Kawanami, O. et al. Alveolar fibrosis and capillary alteration in experimental pulmonary silicosis in rats. Am. J. Respir. Crit. Care Med. 151, 1946–1955 (1995).
Hamilton, R. F., Thakur, S. A. & Holian, A. Silica binding and toxicity in alveolar macrophages. Free Radic. Biol. Med. 44, 1246–1258 (2008).
Wollin, L. et al. Antifibrotic and anti inflammatory exercise of the tyrosine kinase inhibitor nintedanib in experimental fashions of lung fibrosis. J. Pharmacol. Exp. Ther. 349, 209–220 (2014).

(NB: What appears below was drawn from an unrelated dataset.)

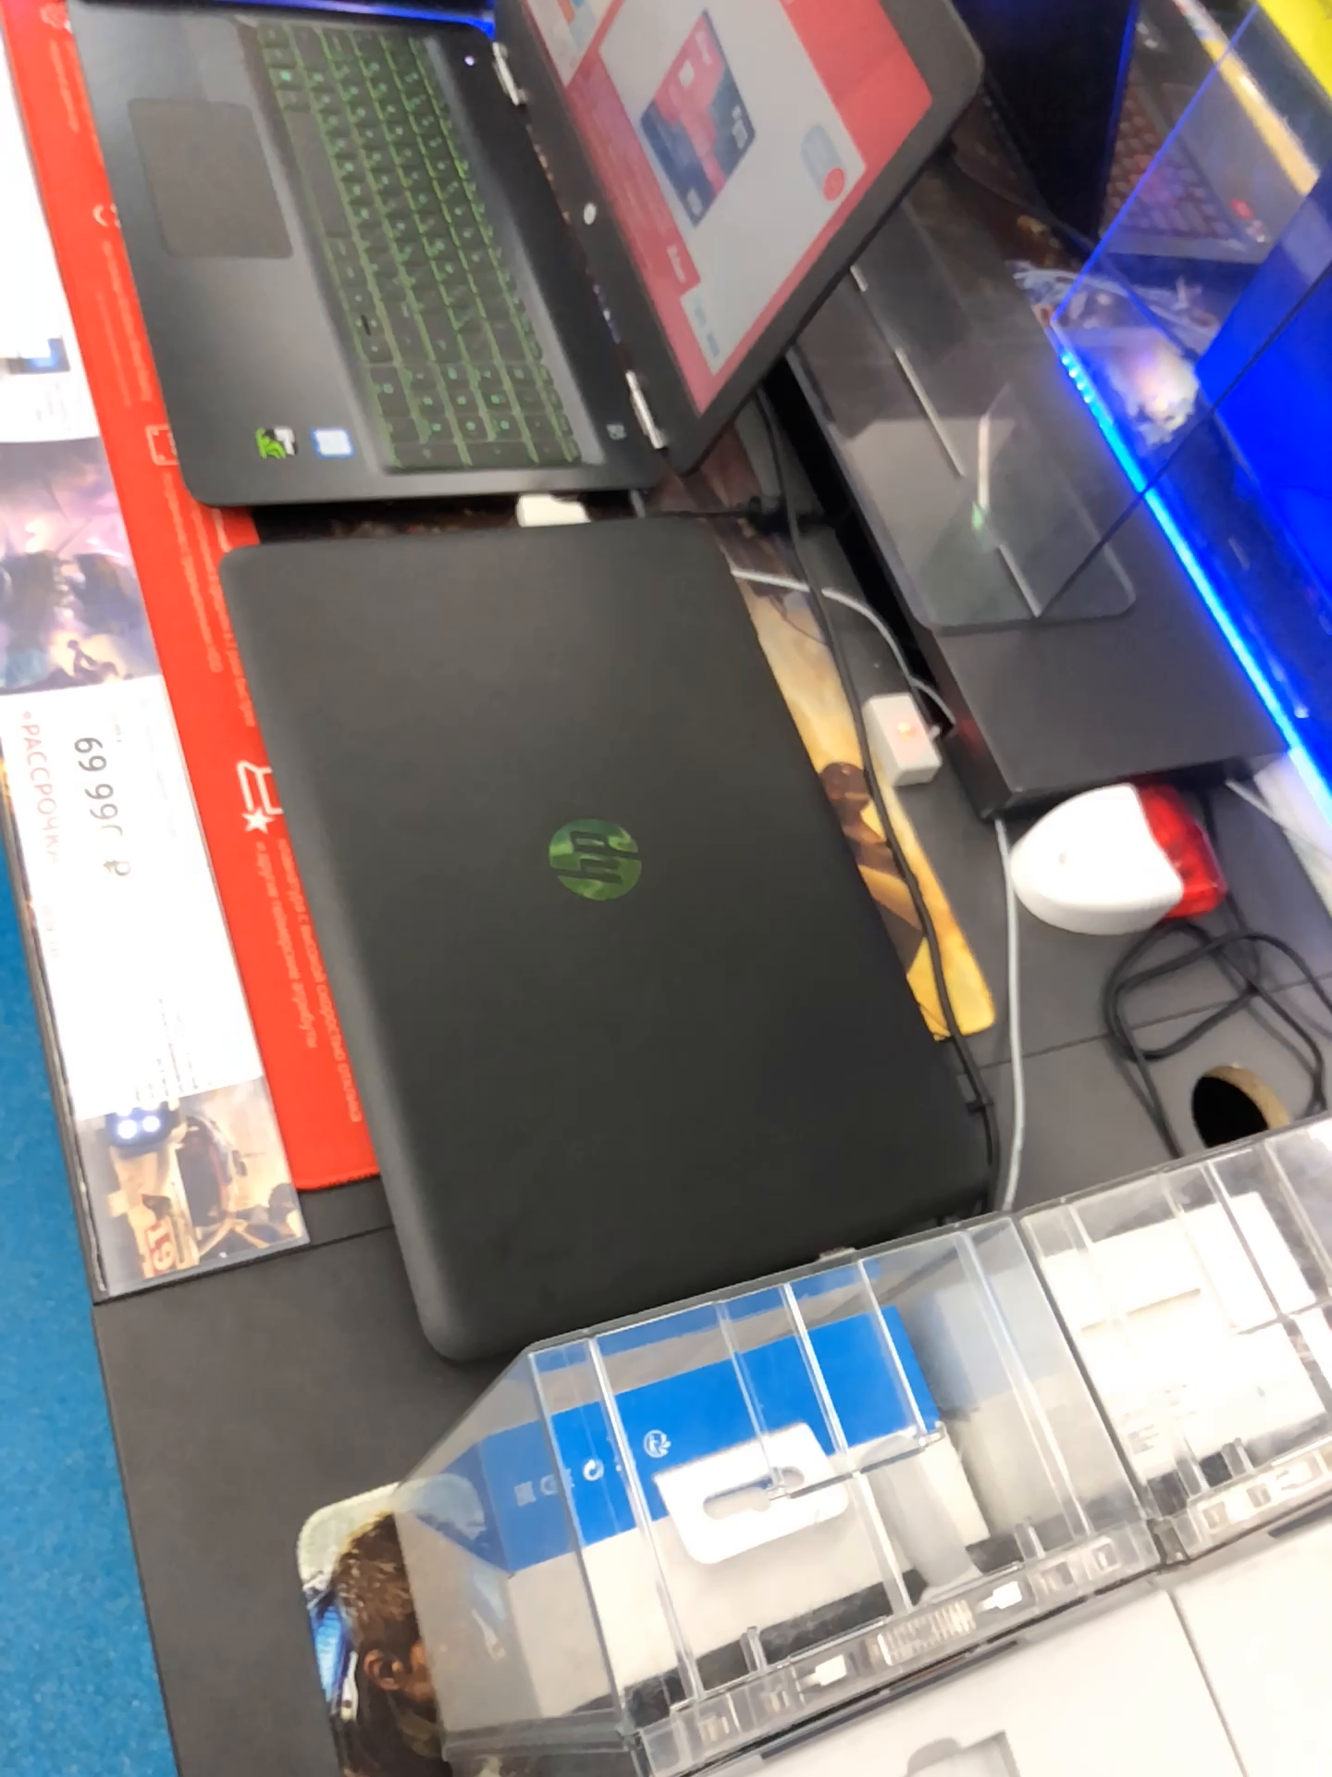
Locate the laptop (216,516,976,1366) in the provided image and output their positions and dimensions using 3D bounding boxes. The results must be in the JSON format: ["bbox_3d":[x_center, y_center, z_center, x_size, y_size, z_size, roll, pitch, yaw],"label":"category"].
[{"bbox_3d":[-0.038,-0.011,0.646,0.240,0.006,0.372,-10,65,-23],"label":"laptop"}]

Namba, T. et al. Suppression of expression of warmth shock protein 70 by gefitinib and its contribution to pulmonary fibrosis. PLoS ONE 6, e27296 (2011).
Inoue, A. et al. Extreme acute interstitial pneumonia and gefitinib. Lancet 361, 137–139 (2003).

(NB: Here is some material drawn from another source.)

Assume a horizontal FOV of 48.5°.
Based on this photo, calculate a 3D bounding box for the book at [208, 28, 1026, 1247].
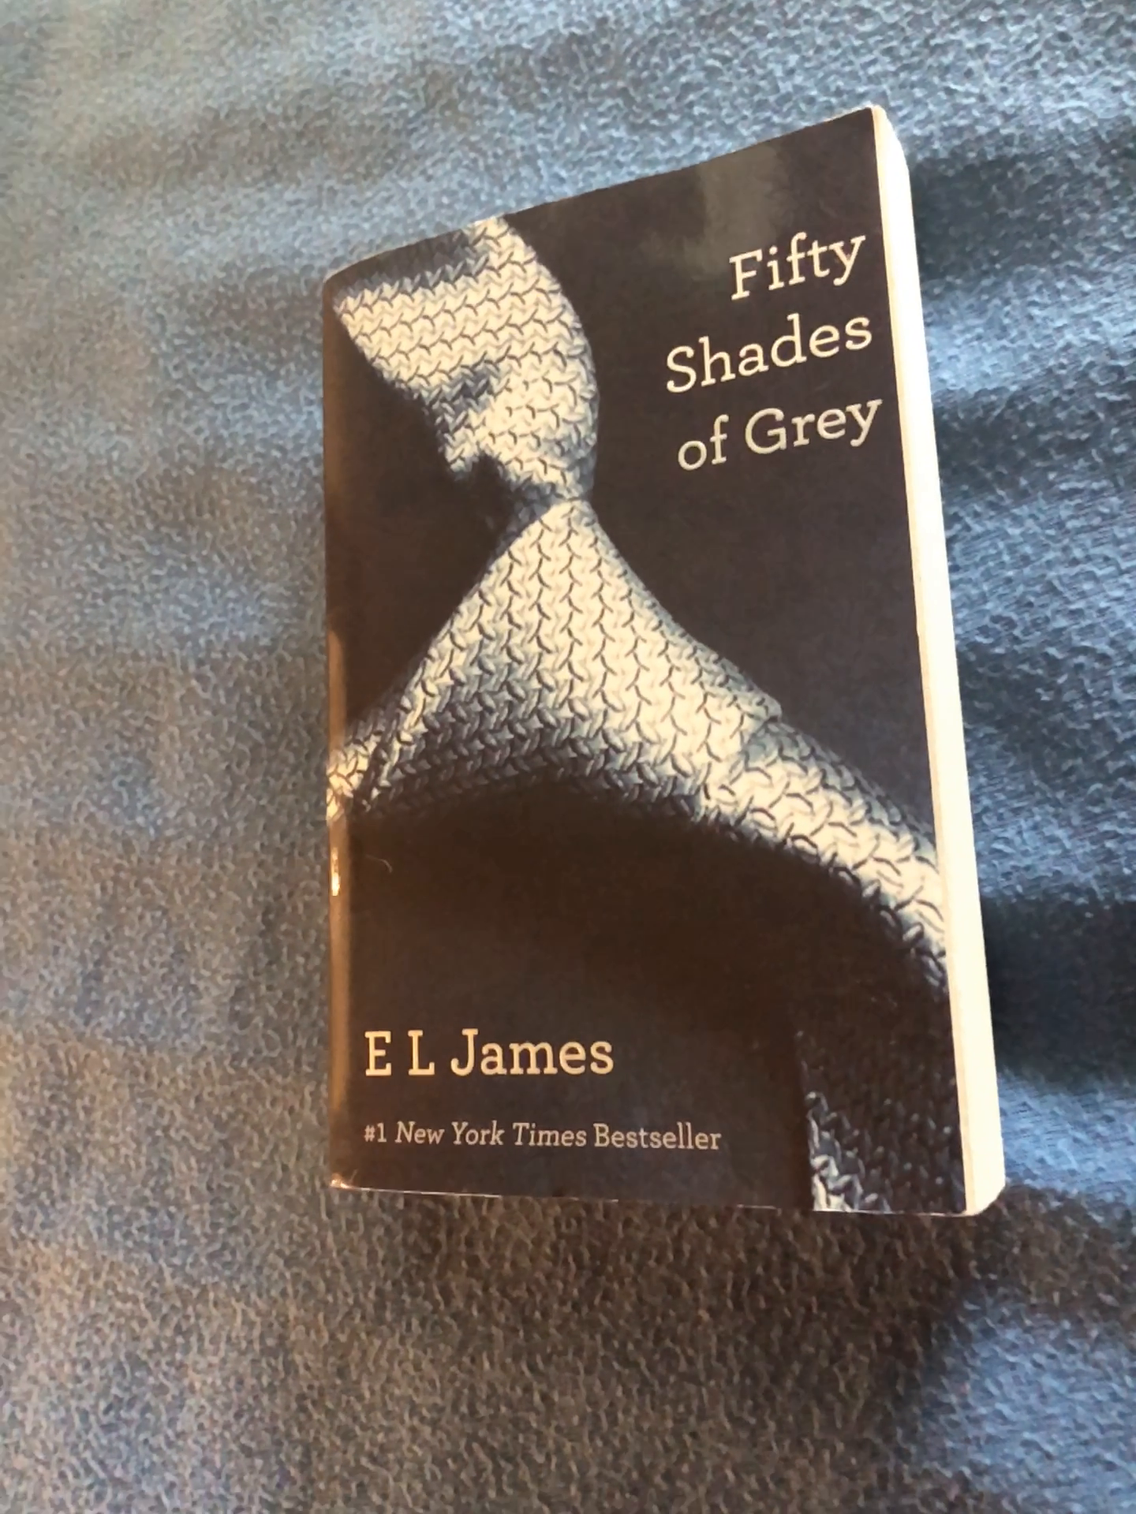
[{"bbox_3d":[0.002,-0.019,0.258,0.150,0.040,0.210,-7,77,25],"label":"book"}]

Lynch, T. J. et al. Activating mutations within the epidermal progress issue receptor underlying responsiveness of non-small-cell lung most cancers to gefitinib. N. Engl. J. Med. 350, 2129–2139 (2004).

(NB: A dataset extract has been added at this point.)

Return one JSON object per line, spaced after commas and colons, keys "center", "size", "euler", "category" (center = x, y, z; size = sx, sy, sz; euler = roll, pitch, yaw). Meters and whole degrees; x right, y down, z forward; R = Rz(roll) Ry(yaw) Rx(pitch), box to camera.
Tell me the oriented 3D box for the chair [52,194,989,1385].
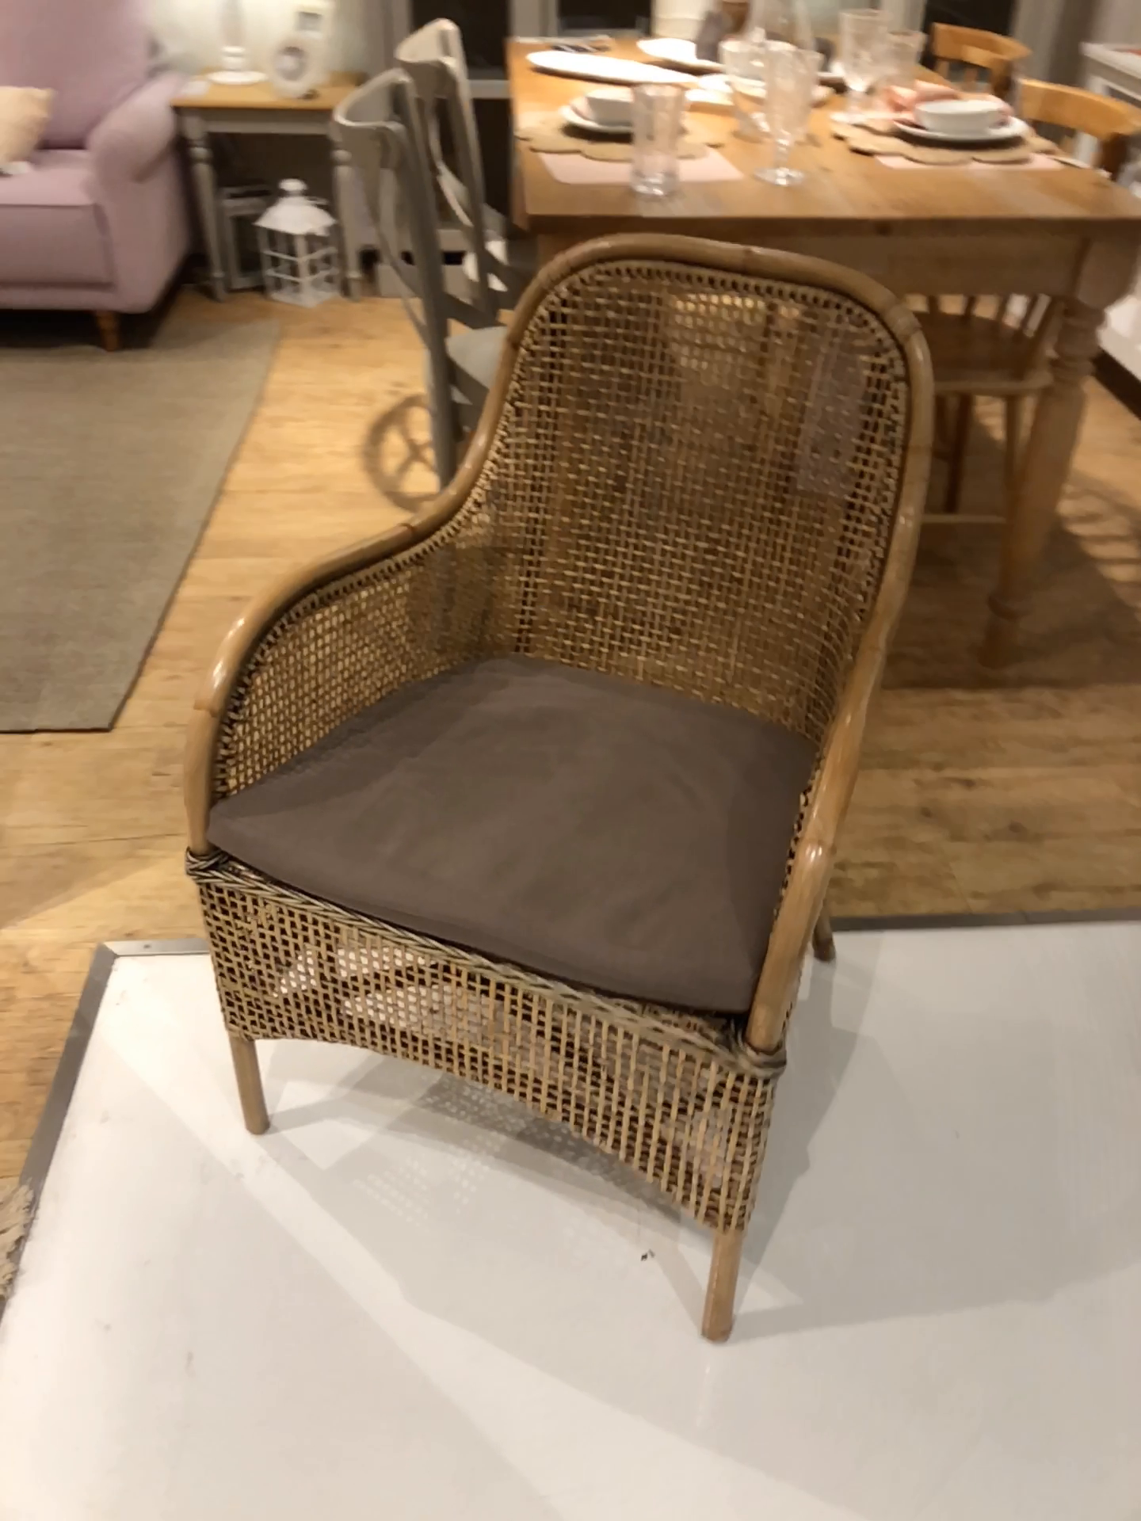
{"center": [0.011, 0.006, 1.264], "size": [0.540, 0.903, 0.625], "euler": [14, 38, 17], "category": "chair"}

Paez, J. G. et al. EGFR mutations in lung most cancers: correlation with medical response to gefitinib remedy. Science 304, 1497–1500 (2004).
Park, Ok. et al. Afatinib versus gefitinib as first-line therapy of sufferers with EGFR mutation-positive non-small-cell lung most cancers (LUX-Lung 7): a section 2B, open-label, randomised managed trial. Lancet Oncol. 17, 577–589 (2016).
Li, J. et al. The position of fibrocyte within the pathogenesis of silicosis. Biomed. Environ. Sci. 31, 311–316 (2018).
Zhao, Y. et al. Silica particles disorganize the polarization of pulmonary macrophages in mice. Ecotoxicol. Environ. Saf. 193, 110364 (2020).
Kim, D., Langmead, B. & Salzberg, S. L. HISAT: a quick spliced aligner with low reminiscence necessities. Nat. Strategies 12, 357–360 (2015).
Lawrence, M. et al. Software program for computing and annotating genomic ranges. PLoS Comput Biol. 9, e1003118 (2013).
Love, M. I., Huber, W. & Anders, S. Moderated estimation of fold change and dispersion for RNA-seq information with DESeq2. Genome Biol. 15, 550 (2014).
Subramanian, A. et al. Gene set enrichment evaluation: a knowledge-based method for decoding genome-wide expression profiles. Proc. Natl Acad. Sci. USA 102, 15545–15550 (2005).
Ma, J. et al. iProX: an built-in proteome useful resource. Nucleic Acids Res. 47, D1211–D1217 (2019).